Cantiques à la Vierge Marie (8)
Claudel en pensée a vu que la Vierge Sainte,
Poussée par un élan d’amour, de don de soi
Non démentis, ayant au Cœur la Croix étreinte,
Fut première au Calvaire, et son Roi y reçoit.
Se retournant vers son Fils qui n’en pouvait plus,
Qui par trois fois était tombé sur le chemin,
D’un geste majestueux, elle ouvrit bras et mains,
Dit aue retable de douleurs qu’est son Jésus :
« Maintenant ! Ici ! Nul besoin d’aller plus loin !
C’est maintenant ! Ici ! Ta mission s’achève.

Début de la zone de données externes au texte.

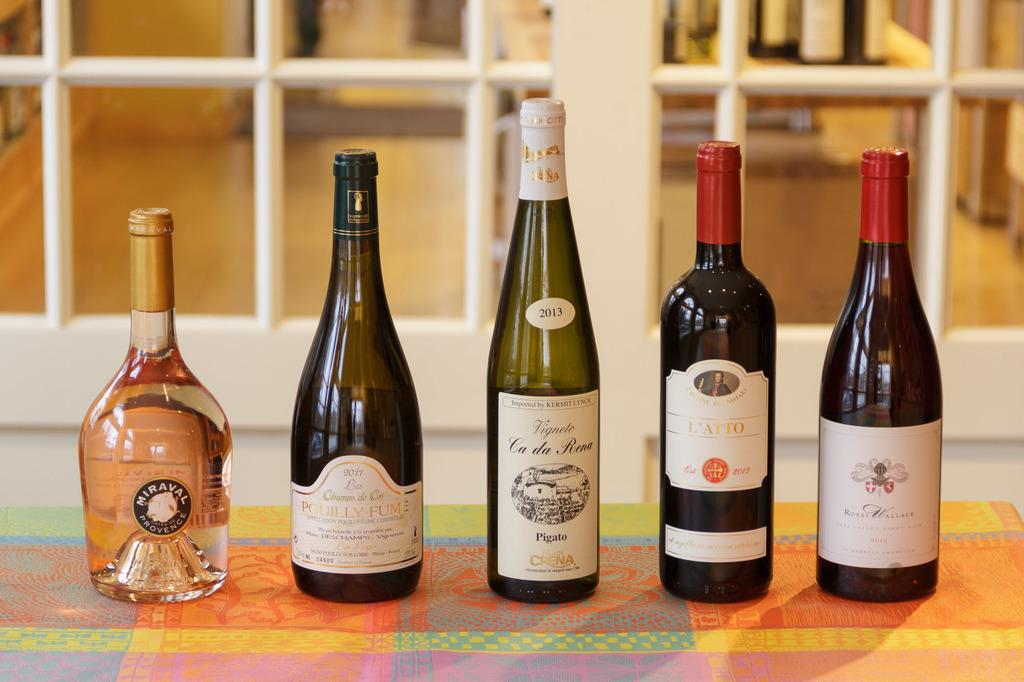What year is the bottle in the middle?
Your answer should be very brief. 2013. What kind of drink is the bottle second from the right?
Offer a very short reply. Wine. 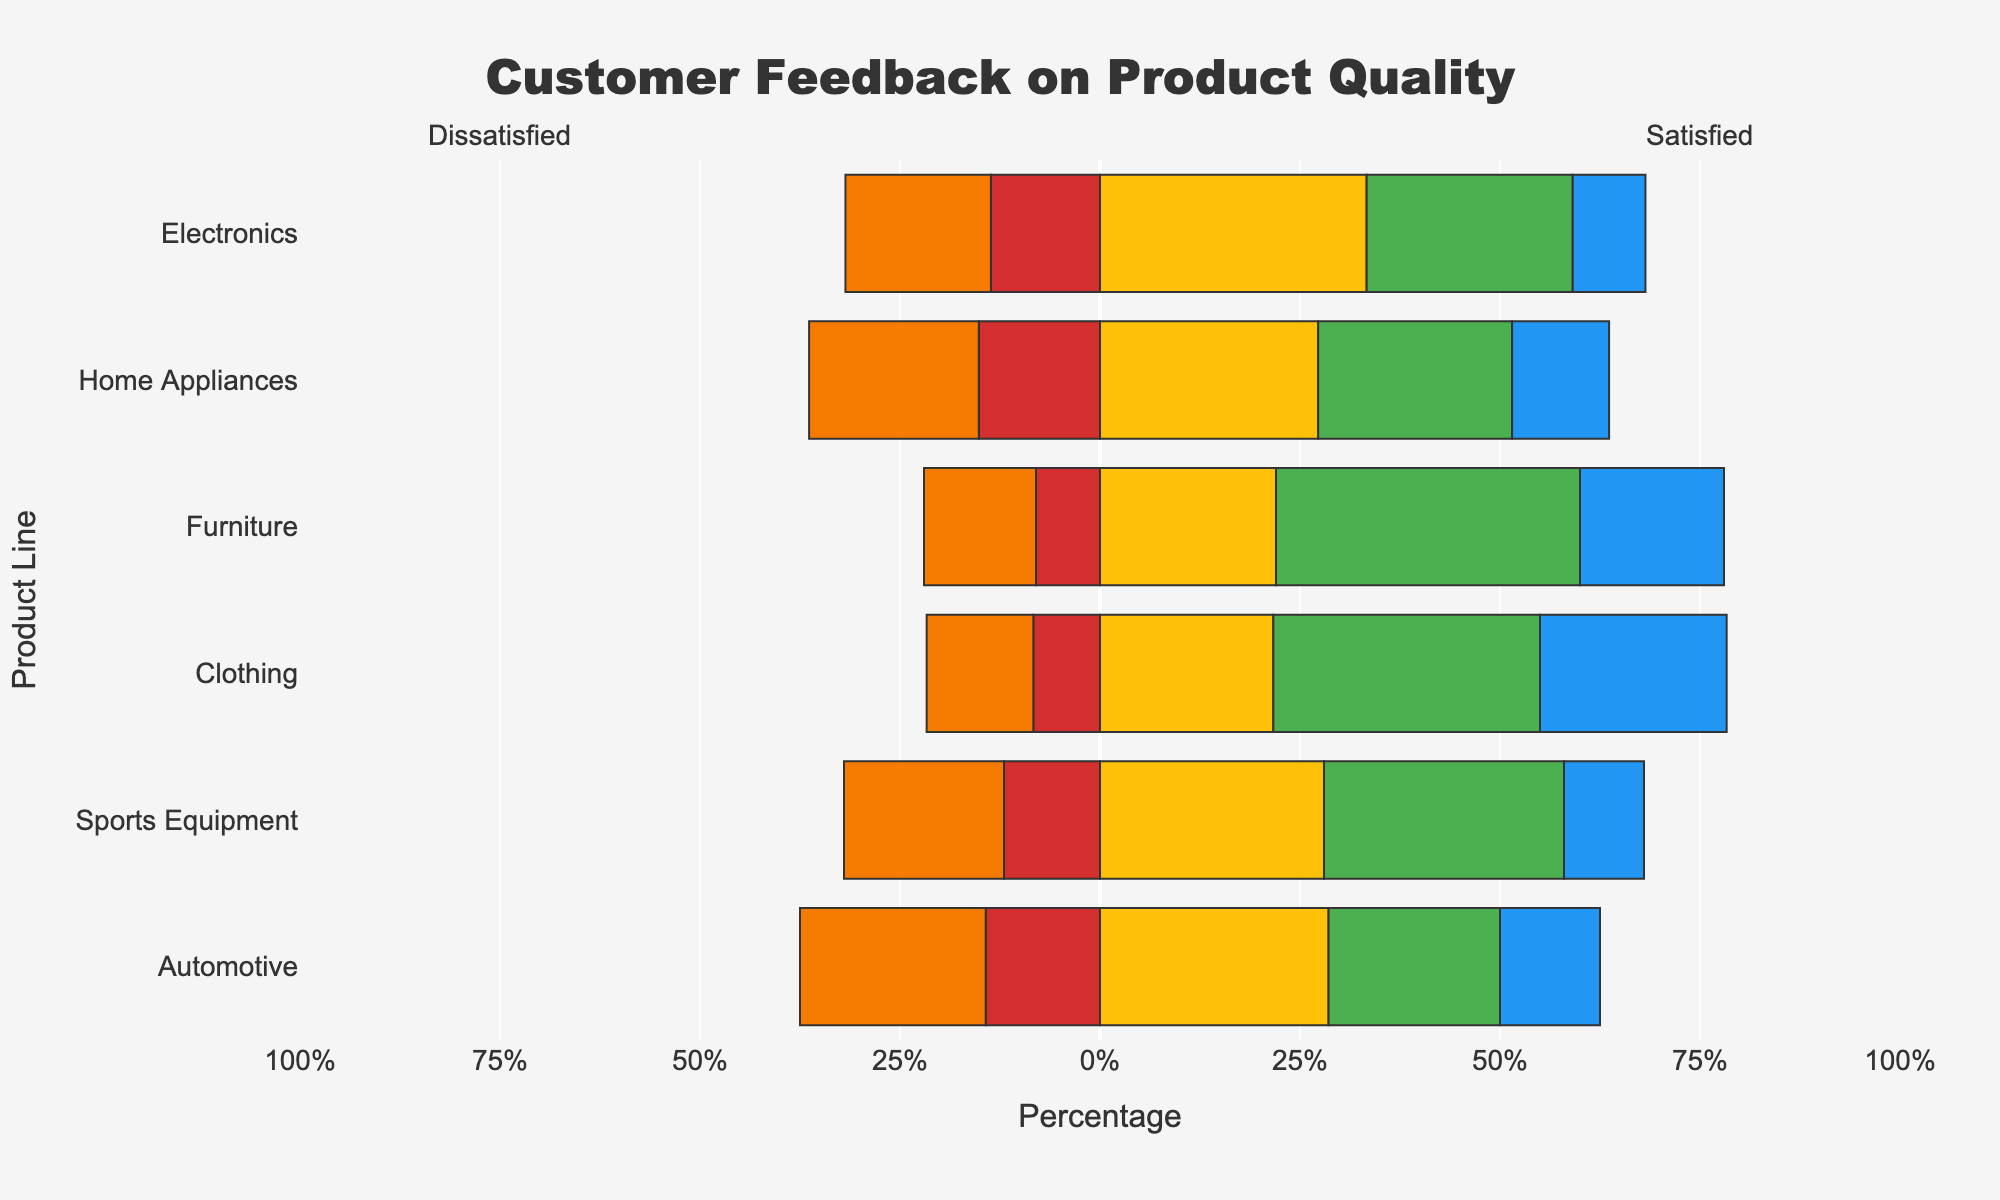What percentage of Electronics customers are satisfied or very satisfied combined? First, locate the "Electronics" bar on the chart. Then, sum the percentages of "Satisfied" and "Very Satisfied" segments within that bar. The total percentage is the sum of the portions represented by green ("Satisfied") and blue ("Very Satisfied") in the "Electronics" bar, which are 28.4% and 10.0%, respectively.
Answer: 38.4% Which product line has the highest percentage of dissatisfied customers? Compare the lengths of the "Very Dissatisfied" and "Dissatisfied" segments for each product line. The "Home Appliances" category has the longest combined sections for these negative feedbacks, with 25.5% "Dissatisfied" and 18.2% "Very Dissatisfied," making it the highest.
Answer: Home Appliances What is the total percentage of neutral feedback for Furniture and Clothing combined? Locate the "Neutral" segments for both Furniture and Clothing. Furniture has 22.1% while Clothing has 20.5%. Sum these two percentages to get the combined total.
Answer: 42.6% Which product line has the most balanced customer feedback, with percentages distributed more evenly across all categories? Evaluate each product line to determine which has the smallest extreme values and a more balanced distribution across all feedback categories. "Automotive" has neither excessively high positive nor negative feedback percentages and shows a more even spread across the categories.
Answer: Automotive What is the difference in the percentage of very satisfied customers between Clothing and Sports Equipment? Identify the "Very Satisfied" segments for both Clothing and Sports Equipment. Clothing has a "Very Satisfied" percentage of 22.6%, and Sports Equipment has 10.5%. Calculate the difference by subtracting 10.5% from 22.6%.
Answer: 12.1% Which product line has the lowest percentage of very dissatisfied customers, and what is that percentage? Compare the "Very Dissatisfied" segments across all product lines. Furniture has the smallest "Very Dissatisfied" percentage at 8.0%.
Answer: Furniture, 8.0% How does the percentage of satisfied feedback for Home Appliances compare to that of Clothing? Observe the "Satisfied" segments for Home Appliances and Clothing. Home Appliances has 29.2% satisfied feedback, and Clothing has 34.2%. Thus, Clothing has a higher percentage of satisfied feedback.
Answer: Clothing is higher What is the combined percentage of dissatisfied and very dissatisfied feedback for Sports Equipment? Find the "Dissatisfied" and "Very Dissatisfied" segments for Sports Equipment. The percentages are 24.0% and 14.3%, respectively. Add these percentages to get the combined total.
Answer: 38.3% Which product line has the highest percentage of neutral feedback? Compare the "Neutral" feedback segments for all product lines. Home Appliances has the highest percentage of neutral feedback at 27.8%.
Answer: Home Appliances What is the range (difference between the highest and lowest percentages) of very satisfied feedback across all product lines? Identify the "Very Satisfied" segments for all product lines. The highest is Clothing with 23.9%, and the lowest is Sports Equipment with 8.0%. Subtract the lowest percentage from the highest to find the range.
Answer: 15.9%

À la face Du monde en ce lieu on t’élève.
Tu as sacrifié ta Vie plus que de besoin. »
Ce geste est le baiser dont la voici privée.
Elle assiste impuissante à ces préparatifs
De la mise à mort de ce singulier captif
Dont les derniers instants sont enfin arrivés.
À vrai dire, elle n’est pas du tout impuissante :
C’est la toute-puissance à jamais suppliante
Qui intercède avec son Fils à l’unisson
Pour que la Croix produise une riche moisson.
Aux fouets sans nom de la Flagellation
Et aux railleries du Couronnement d’épines
Succèdent les plaies de la Crucifixion
Et les moqueries des humains qui se mutinent.
Les bourreaux, eux, ne sont que des exécutants.
Ils ne sont pas là pour faire du sentiment,
Pour discuter si le fautif est innocent.
Quelqu’un dit : « Voyons si de la Croix il descend. »
C’est le jour de sa vie aigre-doux entre tous
Aux arrêts mêlés qu’elle accepte et ne repousse :
Les souffrances d’un Cœur qui est transverbéré
Et l’allégresse pour un peuple libéré.